The understanding of the physical processes that lead to the origin of matter in the early Universe, creating both an excess of matter over anti-matter and a dark matter abundance that survived until the present, is one of the most fascinating challenges in modern science. The problem cannot be addressed within our current description of fundamental physics and, therefore, it currently provides a very strong evidence of new physics. Solutions can either reside in a modification of the standard model of elementary particle physics or in a modification of the way we describe gravity, based on general relativity, or at the interface of both. We will mainly discuss the first class of solutions. Traditionally, models that separately explain either the matter–antimatter asymmetry of the Universe or dark matter have been proposed.

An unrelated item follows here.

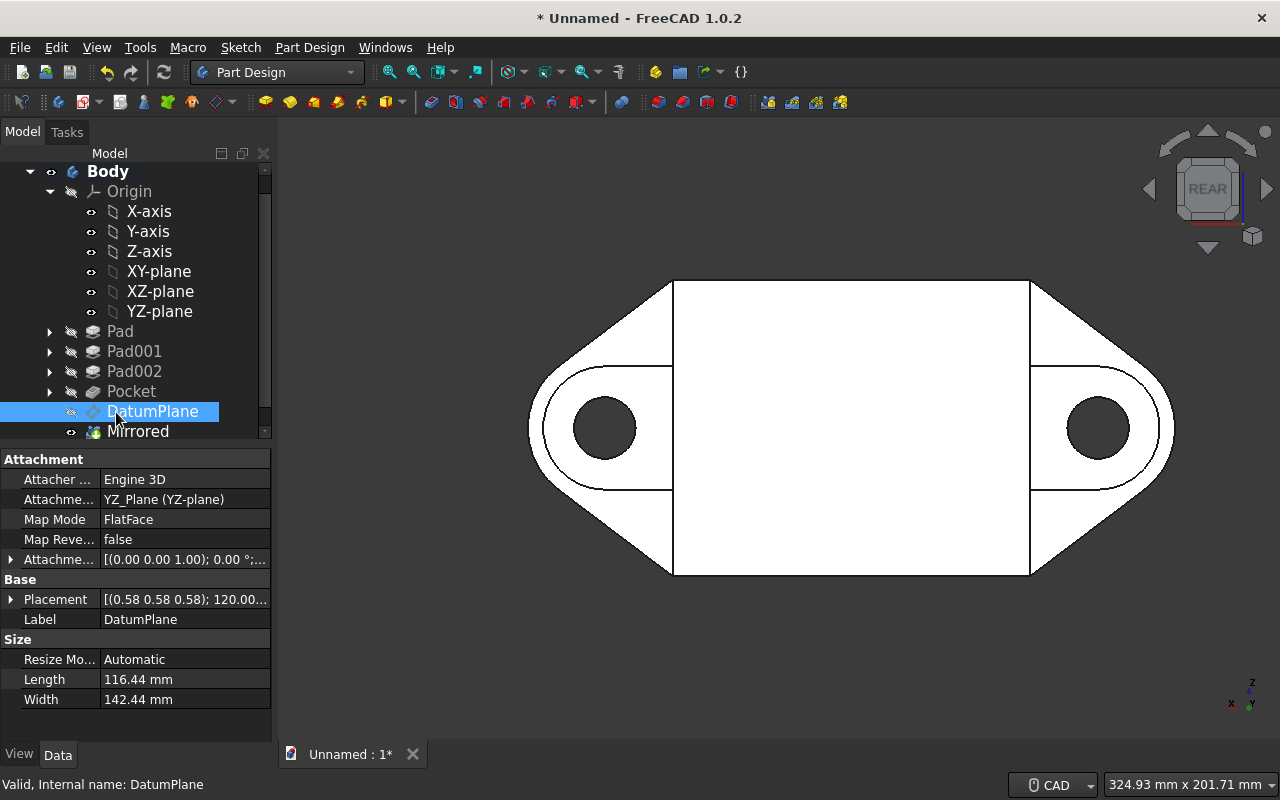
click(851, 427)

However, in the last years there has also been an accreted interest and intense activity on scenarios able to provide a unified picture of the origin of matter in the early universe. In this review we discuss some of the main ideas emphasising primarily those models that have more chances to be experimentally tested during next years. Moreover, after a general discussion, we will focus on extensions of the standard model that can also address neutrino masses and mixing. Since this is currently the only evidence of physics beyond the standard model coming directly from particle physics experiments, it is then reasonable that such extensions might also provide a solution to the problem of the origin of matter in the universe.

了解导致早期宇宙中物质起源的物理过程，产生了超过反物质的过量物质和一直存在到现在的暗物质丰度，是现代科学中最迷人的挑战之一。这个问题在我们目前对基础物理学的描述中无法解决，因此，它目前为新物理学提供了非常有力的证据。解决方案可以存在于基本粒子物理学标准模型的修改中，也可以存在于我们基于广义相对论描述重力的方式的修改中，或者存在于两者的界面中。我们将主要讨论第一类解决方案。传统上，已经提出了分别解释宇宙物质-反物质不对称性或暗物质的模型。然而，在过去的几年里，人们对能够提供早期宇宙物质起源的统一画面的情景产生了越来越多的兴趣和激烈的活动。在这篇评论中，我们讨论了一些主要思想，主要强调那些在未来几年有更多机会进行实验测试的模型。此外，经过一般性讨论后，我们将重点关注也可以解决中微子质量和混合问题的标准模型的扩展。由于这是目前直接来自粒子物理实验的超越标准模型的物理学的唯一证据，因此这种扩展也可能为宇宙物质起源问题提供解决方案是合理的。